Yelmo Films, S.L.U.
- Trade name: Cine Yelmo
- Company type: Subsidiary
- Industry: Cinema
- Founded: 1981; 45 years ago in Collado Villalba, Spain
- Founders: Ricardo Évole
- Headquarters: Alcorcón, Spain
- Area served: Spain
- Owner: Organización Ramírez
- Parent: Cinépolis
- Website: yelmocines.es

= Cine Yelmo =

Spanish cinema company

Yelmo Films, S.L.U., trading as Cine Yelmo, is a Spanish company founded in 1981 and dedicated to cinema exhibition. It currently has 54 complexes throughout Spain. Since 2015, the company has been part of Cinépolis, a group that operates in several countries such as Spain, Mexico, the United States, Chile, Argentina and Guatemala.

== History ==
In 1981 Ricardo Évole founded Yelmo Cines, a cinema exhibition company in Spain. The company takes its name from El Yelmo, a cliff in the Guadarrama mountain range. In 1982, they opened their first cinema, the Zoco de Collado Villalba in Madrid, with the screening of Raiders of the Lost Ark.

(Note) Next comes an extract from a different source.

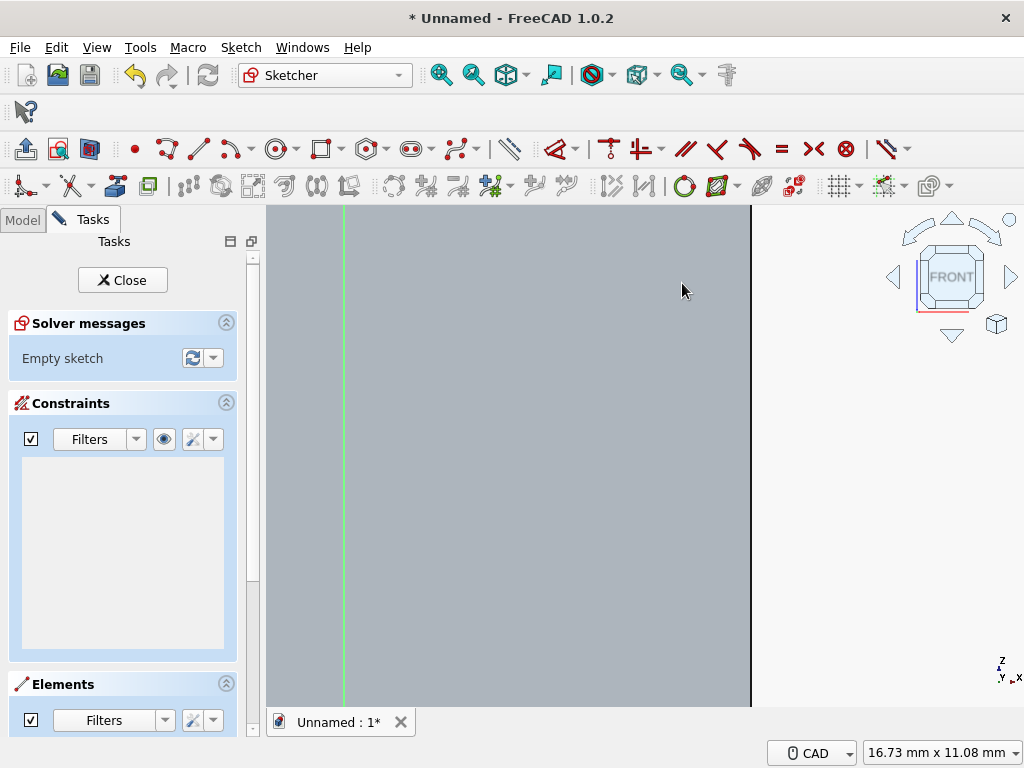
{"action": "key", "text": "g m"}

In the following years, Yelmo Cines continued to expand, establishing new complexes and promoting the concept of multiplexes in the country.

In 1990 they rescued the old Cine Ideal in Madrid, which had been closed for eight years, and converted it into a modern multiplex cinema complex. Over the years, they continued to open new cinemas in different cities in Spain, both in Madrid and in Barcelona, Malaga, A Coruña and other locations.

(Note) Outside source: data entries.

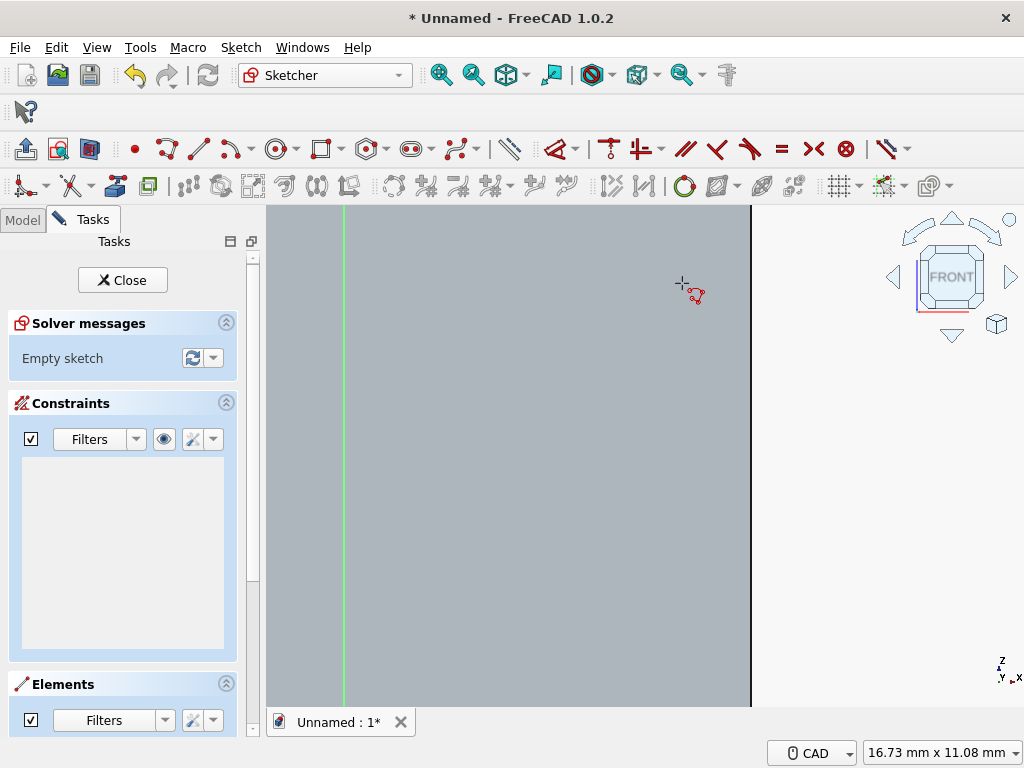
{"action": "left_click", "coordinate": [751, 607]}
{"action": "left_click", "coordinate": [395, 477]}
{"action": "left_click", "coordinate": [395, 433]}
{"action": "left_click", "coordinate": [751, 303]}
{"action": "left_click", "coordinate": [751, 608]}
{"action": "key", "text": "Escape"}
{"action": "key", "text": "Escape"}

In 1998 Yelmo Cines signed an agreement with Loews Cineplex, a multinational in the sector, and became Yelmo Cineplex. This partnership allowed them to grow significantly and expand their presence in smaller cities.

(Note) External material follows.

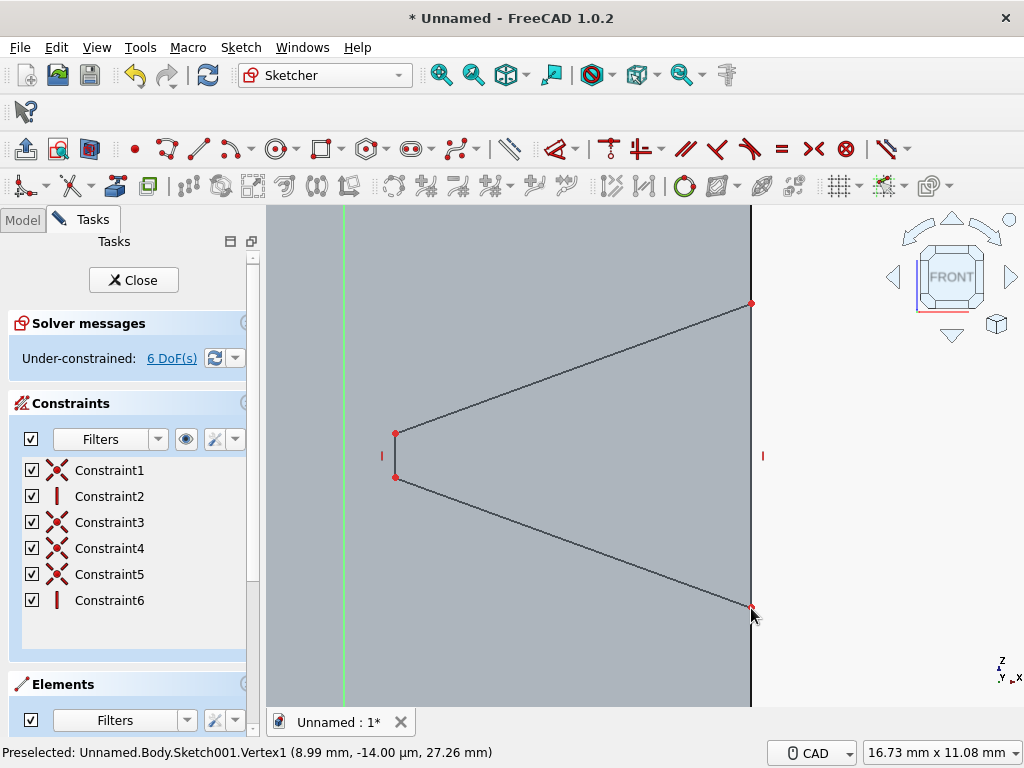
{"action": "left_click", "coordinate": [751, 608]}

In the following years Yelmo Cineplex continued to innovate, introducing IMAX theatres in its complexes and offering alternative content such as live concerts and operas. In 2006, the company returned to full Spanish ownership when it acquired the shares of Loews Cineplex. Following its commitment to technology, all its cinemas were digitised in 2011, and in 2014 they opened the first Ultra HD cinema in Malaga.

In 2015 Cinépolis acquired Yelmo Cineplex, expanding its presence in Europe. Yelmo Cines continued to innovate with the introduction of new experiences for moviegoers, such as junior cinemas for children and luxury cinemas where you can enjoy a gastronomic experience while watching the film.